We have integrated Active Directory as web tier authentication with Portal, this has given us single sign on with portal. Great! We also have services being accessed through REST. From the articles we have read, we understood that the requirement for authentication would flow through to server, however we can access service > execute task anonymously. Is this a bug or have we missed something?
Load Balancer = https://gis.xxx.xxx
- Machine 1: Web Adaptor/ Portal (gisportal - IIS authentication set to Windows Auth only, Anon Access disabled)
- Machine 2: Web Adaptor/ Portal (gisportal - IIS authentication set to Windows Auth only, Anon Access disabled)
- Machine 3: ArcGIS Server (gissite)
- Machine 4: ArcGIS Server (gissite)
https://gis.xxx.xxx/gisportal/home - Pop up for Windows Authentication works and authenticates correctly. Users can access content shared to them.
https://gis.xxx.xxx/gissite/rest/services - This home, first, level can be accessed without authentication. Clicking on a folder to move to the next level down prompts an authentication pop up.
https://gis.xxx.xxx/gissite/rest/services/folder/name/server/layer - This last level can be accessed without authentication and the function returns a result, without authentication.
Any help is welcome, hopefully we haven't grossly misunderstood the docs.
Hi Gill Paterson,
It sounds like you have everything set up correctly. Is that behavior seen with every service endpoint that you try to go to? Or is it only for a select few? Either way, I wanted to ask if those services are shared with Everyone. If so, they will not prompt for authentication. If a service's sharing properties are set to the Portal or individual groups, then the service should not be able to be accessed anonymously and will require a user to sign in.

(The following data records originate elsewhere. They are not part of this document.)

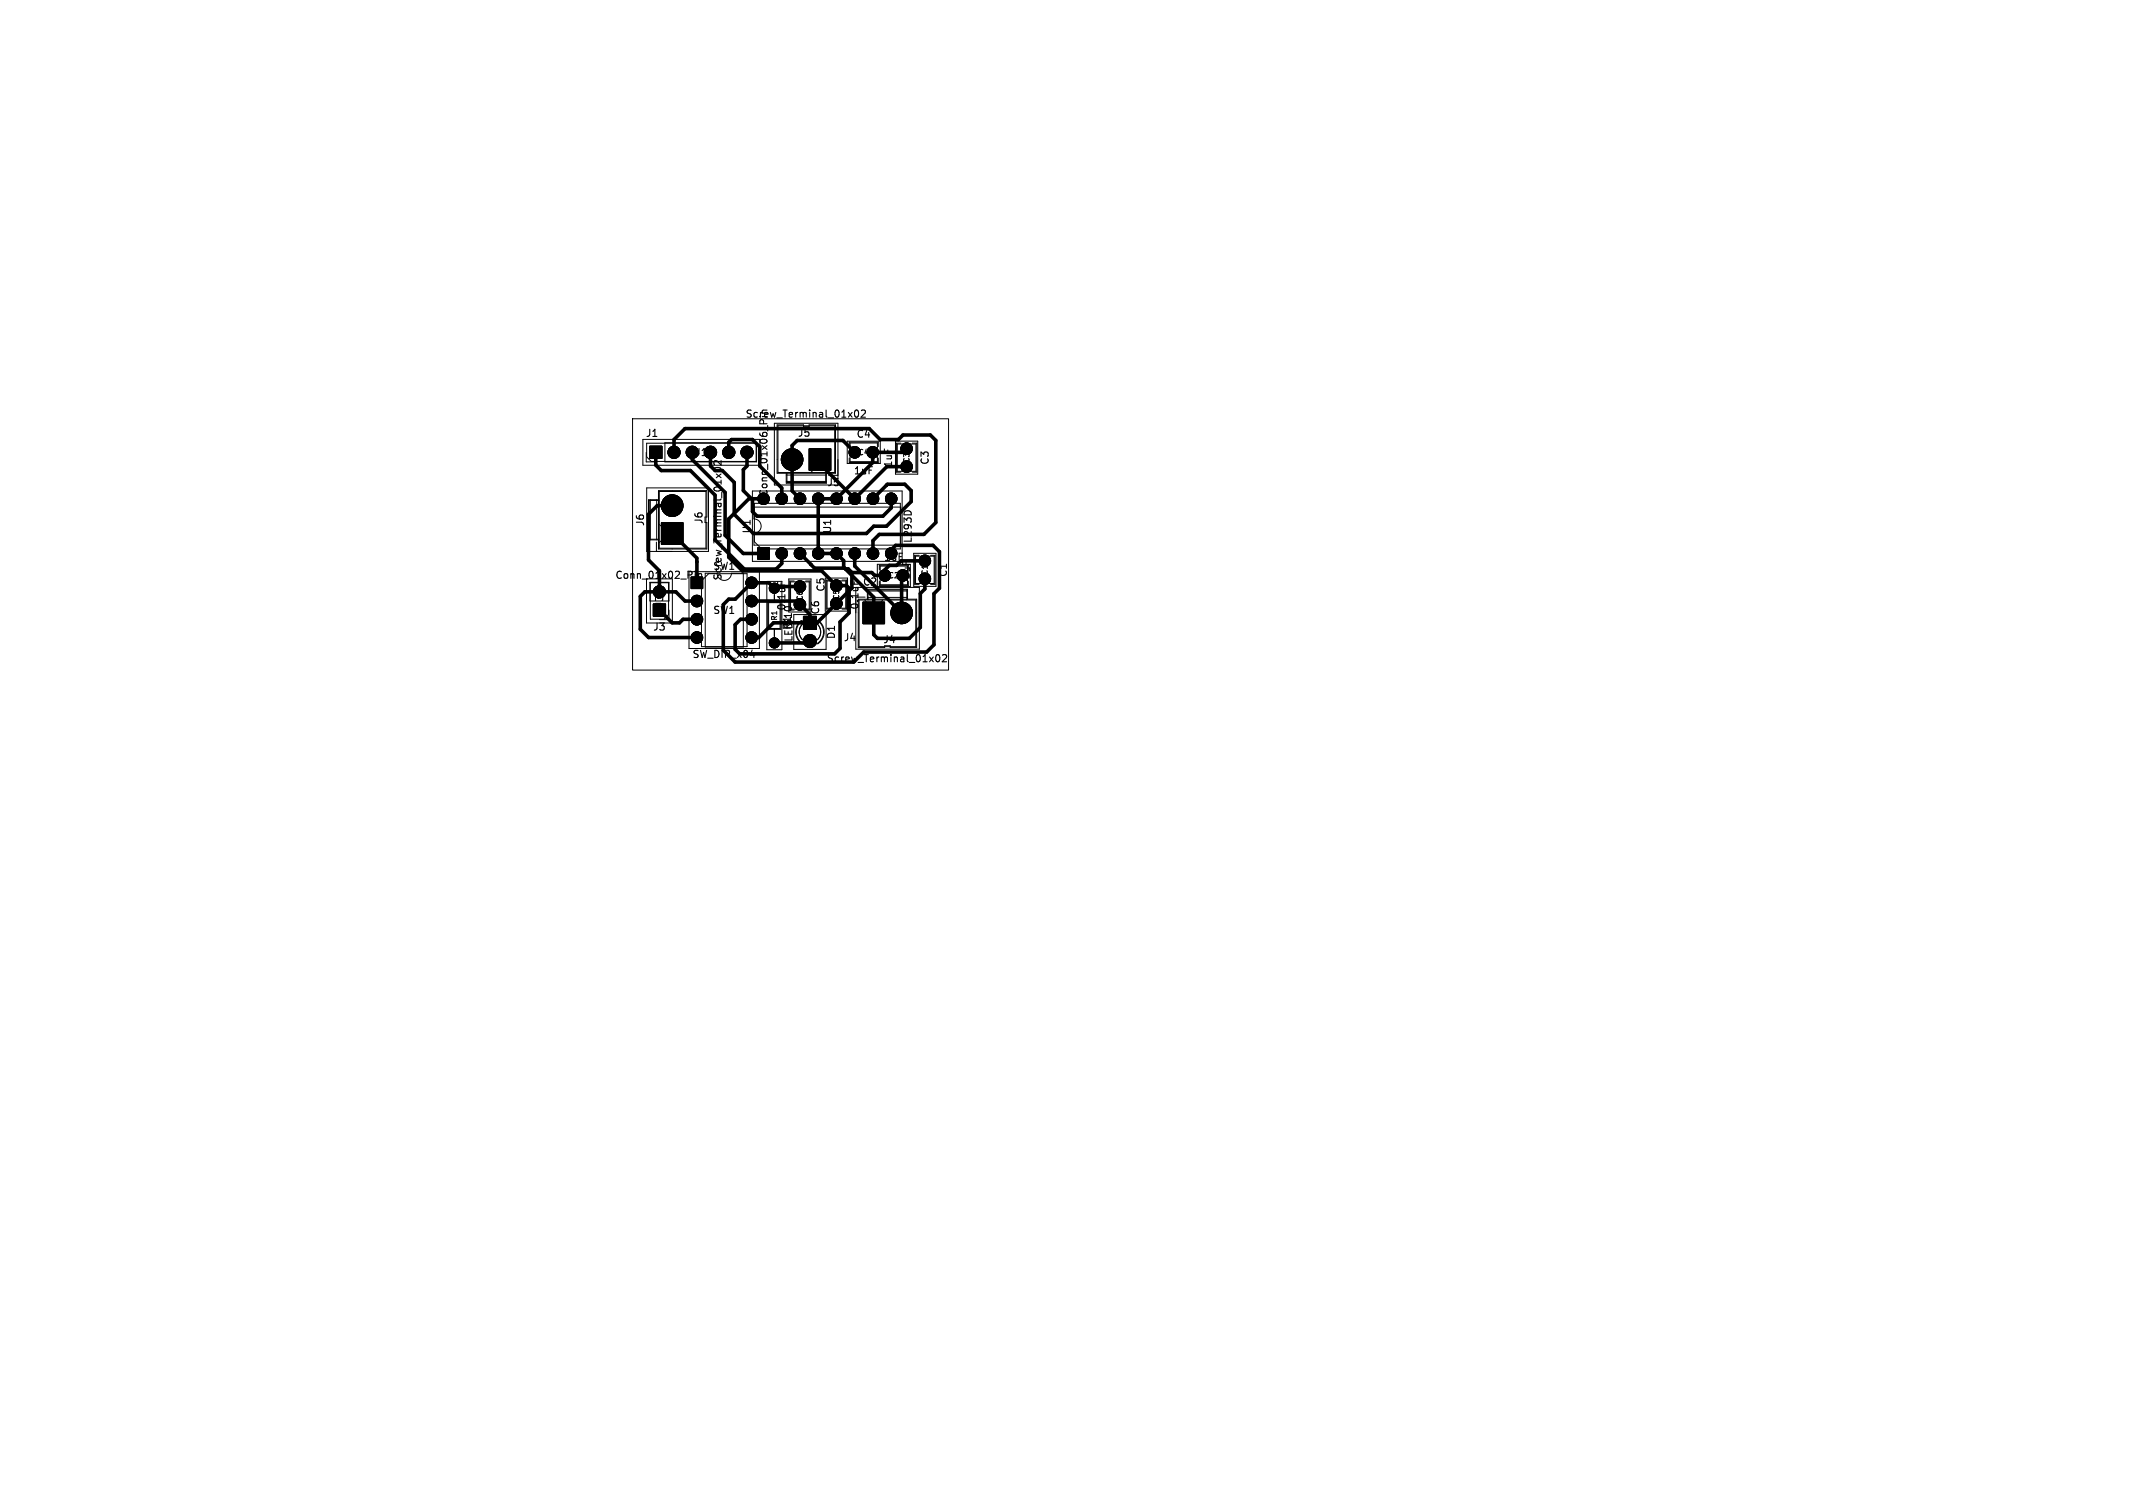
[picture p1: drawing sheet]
<svg xmlns="http://www.w3.org/2000/svg" width="297mm" height="210mm" viewBox="0 0 297 210" stroke-linecap="round" stroke-linejoin="round" font-family="sans-serif">
<defs><g id="words">
<g font-size="1.4">
<text x="103.7" y="58.4">Screw_Terminal_01x02</text>
<text x="89.8" y="61">J1</text>
<text x="96.7" y="63.7">J1</text>
<text x="111" y="61">J5</text>
<text x="119.2" y="61.2">C4</text>
<text x="124.4" y="65.2" transform="rotate(-90 124.4 65.2)">1uF</text>
<text x="129.5" y="64.8" transform="rotate(-90 129.5 64.8)">C3</text>
<text x="107.1" y="69.2" transform="rotate(-90 107.1 69.2)">Conn_01x06_Pin</text>
<text x="115.1" y="67.9">J5</text>
<text x="118.8" y="66.3">1uF</text>
<text x="89.9" y="73.4" transform="rotate(-90 89.9 73.4)">J6</text>
<text x="98" y="73.1" transform="rotate(-90 98 73.1)">J6</text>
<text x="104.7" y="74.4" transform="rotate(-90 104.7 74.4)">U1</text>
<text x="115.9" y="74.4" transform="rotate(-90 115.9 74.4)">U1</text>
<text x="127.1" y="75.7" transform="rotate(-90 127.1 75.7)">L293D</text>
<text x="85.6" y="80.8">Conn_01x02_Pin</text>
<text x="99.2" y="79.6">SW1</text>
<text x="100.7" y="80.9" transform="rotate(-90 100.7 80.9)">Screw_Terminal_01x02</text>
<text x="115" y="82.5" transform="rotate(-90 115 82.5)">C5</text>
<text x="120.1" y="81.8">C2</text>
<text x="123" y="78.3">1uF</text>
<text x="127" y="80.8" transform="rotate(-90 127 80.8)">1uF</text>
<text x="132.1" y="80.5" transform="rotate(-90 132.1 80.5)">C1</text>
<text x="90.8" y="88">J3</text>
<text x="92.5" y="84.7" transform="rotate(-90 92.5 84.7)">J3</text>
<text x="99.2" y="85.7">SW1</text>
<text x="109.6" y="85.1" transform="rotate(-90 109.6 85.1)">0.1uF</text>
<text x="110.3" y="87.8" transform="rotate(-90 110.3 87.8)">R1</text>
<text x="110.5" y="89.5" transform="rotate(-90 110.5 89.5)">LED510</text>
<text x="114.3" y="85.7" transform="rotate(-90 114.3 85.7)">C6</text>
<text x="116.5" y="89.1" transform="rotate(-90 116.5 89.1)">D1</text>
<text x="117.4" y="89.5">J4</text>
<text x="119.7" y="85" transform="rotate(-90 119.7 85)">0.1uF</text>
<text x="122.9" y="89.8">J4</text>
<text x="96.3" y="91.8">SW_DIP_x04</text>
<text x="115" y="92.4">Screw_Terminal_01x02</text>
</g>
<g font-size="1.1">
<text x="119.4" y="63.5">C4</text>
<text x="126.8" y="64.6" transform="rotate(-90 126.8 64.6)">C3</text>
<text x="111.9" y="83.8" transform="rotate(-90 111.9 83.8)">C6</text>
<text x="117" y="83.6" transform="rotate(-90 117 83.6)">C5</text>
<text x="123.6" y="80.7">C2</text>
<text x="129.3" y="80.2" transform="rotate(-90 129.3 80.2)">C1</text>
</g>
<text font-size="1" x="108.3" y="86.5" transform="rotate(-90 108.3 86.5)">R1</text>
</g></defs>
<g fill="#000" stroke="#000" stroke-width=".14">
<path d="M90.5 62.1h1.7v1.7h-1.7zM92.1 72.8h3v3h-3zM105.5 76.3h1.6v1.6h-1.6zM112.7 62.5h3v3h-3zM91 84.1h1.7v1.7h-1.7zM96.2 80.4h1.6v1.6h-1.6zM111.9 85.8h1.8v1.8h-1.8zM120.2 83.9h3v3h-3z"/>
<circle cx="93.6" cy="70.4" r="1.5"/>
<circle cx="93.9" cy="63" r=".85"/>
<circle cx="96.4" cy="63" r=".85"/>
<circle cx="98.9" cy="63" r=".85"/>
<circle cx="101.5" cy="63" r=".85"/>
<circle cx="104" cy="63" r=".85"/>
<circle cx="106.3" cy="69.5" r=".8"/>
<circle cx="108.9" cy="77.1" r=".8"/>
<circle cx="108.9" cy="69.5" r=".8"/>
<circle cx="110.3" cy="64" r="1.5"/>
<circle cx="111.4" cy="77.1" r=".8"/>
<circle cx="111.4" cy="69.5" r=".8"/>
<circle cx="113.9" cy="69.5" r=".8"/>
<circle cx="113.9" cy="77.1" r=".8"/>
<circle cx="116.5" cy="69.5" r=".8"/>
<circle cx="116.5" cy="77.1" r=".8"/>
<circle cx="119" cy="69.5" r=".8"/>
<circle cx="119" cy="77.1" r=".8"/>
<circle cx="119" cy="63" r=".8"/>
<circle cx="121.5" cy="63" r=".8"/>
<circle cx="121.6" cy="77.1" r=".8"/>
<circle cx="121.6" cy="69.5" r=".8"/>
<circle cx="124.1" cy="77.1" r=".8"/>
<circle cx="124.1" cy="69.5" r=".8"/>
<circle cx="126.2" cy="65" r=".8"/>
<circle cx="126.2" cy="62.5" r=".8"/>
<circle cx="128.8" cy="78.1" r=".8"/>
<circle cx="91.8" cy="82.4" r=".85"/>
<circle cx="97" cy="83.7" r=".8"/>
<circle cx="97" cy="88.8" r=".8"/>
<circle cx="97" cy="86.2" r=".8"/>
<circle cx="104.7" cy="83.7" r=".8"/>
<circle cx="104.7" cy="88.8" r=".8"/>
<circle cx="104.7" cy="86.2" r=".8"/>
<circle cx="104.7" cy="81.2" r=".8"/>
<circle cx="107.8" cy="81.9" r=".7"/>
<circle cx="107.8" cy="89.5" r=".7"/>
<circle cx="111.4" cy="84.2" r=".8"/>
<circle cx="111.4" cy="81.7" r=".8"/>
<circle cx="112.8" cy="89.3" r=".9"/>
<circle cx="116.5" cy="84.1" r=".8"/>
<circle cx="116.5" cy="81.6" r=".8"/>
<circle cx="123.2" cy="80.1" r=".8"/>
<circle cx="125.5" cy="85.4" r="1.5"/>
<circle cx="125.7" cy="80.1" r=".8"/>
<circle cx="128.8" cy="80.6" r=".8"/>
</g>
<g fill="none" stroke="#000" stroke-width=".5">
<path d="M91.3 63v1.8l.8 .7h4l3.5 3.5v6.2l4 4h4.5l.8-.7v-1.4M93.6 70.4h-2.1l-1.2 1.2v6.4l1.5 1.5v2.9M93.6 74.3l3.4 3.4v3.5M93.9 63v-1.8l1.5-1.5h25.6l1.6 1.5h2.5l.6-.6h3.8l.8 .7v11.5l-1.6 1.6h-6.3l-.8 .9v1.8M96.4 64l4.6 4.6v5.9l2.5 2.6h2.8M98.9 63v1.9l.7 .6h1l1.6 1.7v4.4l2.7 2.7h15.7l1.1-1h1.7l3.5-3.4v-1.6l-.9-.9h-2.4l-2 2.1M101.5 63v-1.4l.4-.4h2.9l1 1v2.7l3.1 3.1v1.5M104 63v1.9l-.5 .5v2.9l1.3 1.3v1.6l.6 .7h17.5l1.2-1.2v-1.2M106.3 69.5h-2l-2.8 2.8v5.3l1.9 1.9h11l2.1 2.1h1.4l.3 .3v3.4l-1.2 1.3v3.7l-.8 .8h-13.2M111.4 77.1l1.5 1.5M112.9 78.6h.1M112.9 78.6l.5 .5h4.2"/>
<path d="M114.2 64v.6l4.8 4.9 4.5-4.5h2.7M117.7 79.2h.4l.5 .5M118.6 79.7v2.2M119 77.1v1.7l6.5 6.6v-5.1M119 63l-1.6-1.7h-6.4l-.7 .7v6.4l1.1 1.1M123.4 67.6h.1M123.8 78.7l-.6 .7v.7h-1.4l-.4-.4h-2.8M124.1 77.1v-.5l.6-.7h5.2l.9 .9v5.1l-.8 .8v7.1l-1 1h-8.7l-1.4 1.4h-16.5M125.5 78.1h3.3M126.2 62.5l-.5 .5h-4.2v1.4l-5 5.1h-2.6v7.6h2.6l1 1v.9l4.2 4.2v5.2l.5 .5h4.4l1.5-1.5v-4.7l.7-.7v-1.4M91.8 85l1.8 1.7h1l.5-.5h1.9M97 83.7h-1.6l-1.3-1.3h-4.3l-.6 .7v4.5l1.1 1.2h6.7"/>
<path d="M104.7 83.7h6.2l1.9 1.9v1.1M104.7 86.2h-1.6l-.7 .8v3.4M111.4 81.7h-3.3l-.3 .2-.7-.7h-2.4l-2.3 2.2h-.9l-.8 .8v6.4M112.8 89.3l-.3 .2h-4.7M118.6 81.9l-4.8 4.8h-6.1l-2 2.1h-1"/>
</g>
<g fill="#fff" stroke="#fff" stroke-width=".14">
<circle cx="112.8" cy="86.7" r=".45"/>
<circle cx="112.8" cy="89.3" r=".45"/>
<circle cx="106.3" cy="77.1" r=".4"/>
<circle cx="108.9" cy="77.1" r=".4"/>
<circle cx="111.4" cy="77.1" r=".4"/>
<circle cx="113.9" cy="77.1" r=".4"/>
<circle cx="116.5" cy="77.1" r=".4"/>
<circle cx="119" cy="77.1" r=".4"/>
<circle cx="121.6" cy="77.1" r=".4"/>
<circle cx="124.1" cy="77.1" r=".4"/>
<circle cx="124.1" cy="69.5" r=".4"/>
<circle cx="121.6" cy="69.5" r=".4"/>
<circle cx="119" cy="69.5" r=".4"/>
<circle cx="116.5" cy="69.5" r=".4"/>
<circle cx="113.9" cy="69.5" r=".4"/>
<circle cx="111.4" cy="69.5" r=".4"/>
<circle cx="108.9" cy="69.5" r=".4"/>
<circle cx="106.3" cy="69.5" r=".4"/>
<circle cx="126.2" cy="62.5" r=".4"/>
<circle cx="126.2" cy="65" r=".4"/>
<circle cx="91.3" cy="63" r=".5"/>
<circle cx="93.9" cy="63" r=".5"/>
<circle cx="96.4" cy="63" r=".5"/>
<circle cx="98.9" cy="63" r=".5"/>
<circle cx="101.5" cy="63" r=".5"/>
<circle cx="104" cy="63" r=".5"/>
<circle cx="91.8" cy="85" r=".5"/>
<circle cx="91.8" cy="82.4" r=".5"/>
<circle cx="111.4" cy="81.7" r=".4"/>
<circle cx="111.4" cy="84.2" r=".4"/>
<circle cx="125.7" cy="80.1" r=".4"/>
<circle cx="123.2" cy="80.1" r=".4"/>
<circle cx="93.6" cy="74.3" r=".87"/>
<circle cx="93.6" cy="70.4" r=".87"/>
<circle cx="107.8" cy="89.5" r=".35"/>
<circle cx="107.8" cy="81.9" r=".35"/>
<circle cx="116.5" cy="84.1" r=".4"/>
<circle cx="116.5" cy="81.6" r=".4"/>
<circle cx="97" cy="81.2" r=".4"/>
<circle cx="97" cy="83.7" r=".4"/>
<circle cx="97" cy="86.2" r=".4"/>
<circle cx="97" cy="88.8" r=".4"/>
<circle cx="104.7" cy="88.8" r=".4"/>
<circle cx="104.7" cy="86.2" r=".4"/>
<circle cx="104.7" cy="83.7" r=".4"/>
<circle cx="104.7" cy="81.2" r=".4"/>
<circle cx="121.7" cy="85.4" r=".87"/>
<circle cx="125.5" cy="85.4" r=".87"/>
<circle cx="128.8" cy="78.1" r=".4"/>
<circle cx="128.8" cy="80.6" r=".4"/>
<circle cx="114.2" cy="64" r=".87"/>
<circle cx="110.3" cy="64" r=".87"/>
<circle cx="119" cy="63" r=".4"/>
<circle cx="121.5" cy="63" r=".4"/>
</g>
<g fill="none" stroke="#000" stroke-width=".14">
<path d="M88.1 58.3h44v35h-44zM107.8 58.9h8.9v8.6h-8.9zM108.2 59.2h3.7v.2h.8v-.2h3.6v6.7h-8.1zM108.3 59.3h7.9v6.5h-7.9zM89.5 61.2h16.3v3.6h-16.3zM90 63v1.3h1.3M90 61.7h15.3v2.6h-14.6l-.7-.7zM90 67.9h8.6v8.9h-8.6zM90.5 69.6v5.6M91.4 75.5v1.3M91.4 69.6v5.6M91.7 69.6h-1.4v5.6h1.4"/>
<path d="M91.8 68.4h6.5v7.9h-6.5zM91.8 73l1.5 1.3-1.5 1.2M91.8 69.7h-1.4v5.4h1.4M92.6 61.7h12.7v2.6h-12.7zM95.9 79.6h9.8v10.7h-9.8zM98.2 79.8h1.6a1 1 0 0 0 1 1 1 1 0 0 0 1-1h1.7v10.3h-5.3zM98.4 72v-3.7h-6.7v8.2h6.7v-3.7M98.7 79.9h5.3v10.2h-6.3v-9.2zM104.8 68.4h20.8v9.8h-20.8zM105 70.6h20.4v5.3h-20.4v-1.6a1 1 0 0 0 1-1 1 1 0 0 0-1-1zM105 70.1h20.4v6.3h-19.4l-1-1zM109.5 65.9v1.4h5.6v-1.4"/>
<path d="M109.5 67h5.6M109.5 66.2h5.6M109.6 65.8v1.4h5.4v-1.4M112.9 65.8l1.3-1.5 1.2 1.5M115.4 66.2h1.3M118 61.4h4.6v3.1h-4.6zM118.2 62.2v-.6h4.1v.6M118.2 63.8v.6h4.1v-.6M118.4 61.7h3.8v2.6h-3.8zM122.2 78.6h4.6v3.1h-4.6zM122.6 78.8h3.8v2.6h-3.8zM124.7 61.4h3.1v4.6h-3.1z"/>
<path d="M124.9 61.8h2.6v3.8h-2.6zM125.4 61.7h-.6v4.1h.6M126.5 78.7h-4.1v.6M127 61.7h.7v4.1h-.7M127.2 77.1h3.1v4.6h-3.1zM127.5 77.5h2.6v3.8h-2.6zM128 77.3h-.6v4.1h.6M129.6 77.3h.6v4.1h-.6M90 80.6h3.6v6.2h-3.6zM90.5 81.1h2.7v2.6h-2.7zM90.6 81.2h2.5v4.4l-.6 .6h-1.9zM93.2 85v1.3h-1.4"/>
<path d="M106.8 81h2.1v9.5h-2.1zM106.9 83.8h1.8v3.8h-1.8zM107 83.9h1.6v3.6h-1.6zM107.8 81.9v2M107.8 87.5v2M109.8 80.6h3.1v4.6h-3.1zM110.1 81h2.6v3.8h-2.6zM110.5 85.6h4.5v4.8h-4.5zM110.6 80.9h-.6v4.1M111.4 86.7l.2-.2h2.3a1.9 1.9 0 0 1 .3 2.7 1.9 1.9 0 0 1-2.7 .2 1.9 1.9 0 0 1-.1-2.7zM111.7 87a1.5 1.5 0 0 0 0 2M111.7 86.4a1.38 1.38 0 0 0-.9 1.3 1.99 1.99 0 0 0 .9 2"/>
<path d="M112.2 80.9h.6v4.1h-.6M113.9 86.4a1.48 1.48 0 0 1 .8 1.2 1.99 1.99 0 0 1-.8 2.1M113.9 87a1.5 1.5 0 0 1 0 2M114.9 80.5h3.1v4.6h-3.1zM115.2 80.9h2.6v3.8h-2.6zM115.7 80.8h-.7v4h.7M117.3 80.8h.6v4h-.6M119.2 83.2h1.3M119.2 81.8h8.8v8.6h-8.8zM119.5 83.4h8.1v6.8h-3.6M119.5 85.4v4.8h3.7M119.6 83.6h7.9v6.5h-7.9z"/>
<path d="M120.4 83.6l1.3 1.5 1.2-1.5M120.8 83.4v-1.3h5.6v1.3M120.8 82.3h5.6M120.8 83.2h5.6M120.9 83.6v-1.4h5.4v1.4M122.4 80.9v.7h4.1v-.7"/>
<circle cx="112.8" cy="88" r="1.5"/>
</g>
<g fill="none" stroke="#000" stroke-width=".15">
<path d="M119.1 57.2l.1-.1a.53 .53 0 0 1 .4 .5 .53 .53 0 0 1-.4 .5l-.1-.1-.1-.3zM119.9 57.2l.4-.1 .2 .3-.6 .7h.6M96.8 79.5v.1M96.8 79.9v.6M97.3 79.9v.6M97.3 80l.1-.1h.3v.6M99.5 65.2a.54 .54 0 0 1 .9 .2 .57 .57 0 0 1-1-.1zM100.4 64.1v.7l-.7-.7-.3 .2 .1 .4M126 71.2l.3-.1 .4 .1M108.3 81v.5M118.5 80.9v.5M130.4 91.2h.1a.53 .53 0 0 1 .4 .5 .53 .53 0 0 1-.4 .5 .67 .67 0 0 1-.1-1z"/>
<path d="M131.2 91.3l.4-.1 .2 .2-.6 .8h.6"/>
</g>
<use href="#words"/>
</svg>

Perhaps in your example above, the folder you clicked on contains some services that are shared with the Portal only and some public. If this is the case, or if the entire folder is secured, then a prompt for authentication would be expected.
Please see if you can double check this.
Thanks Daniel! I wasn't expecting that behaviour. I guess I had assumed that once we enabled windows authentication, that the services shared with 'everyone' became the equivalent of those shared with the organisation, that all services required a user to provide login details no matter what the sharing properties were (with services assigned to groups restricted to select users) and that there was no anonymous access at all. Assigning the service we were testing to a group enforced the login procedure to reach the endpoint. Thanks for the reply.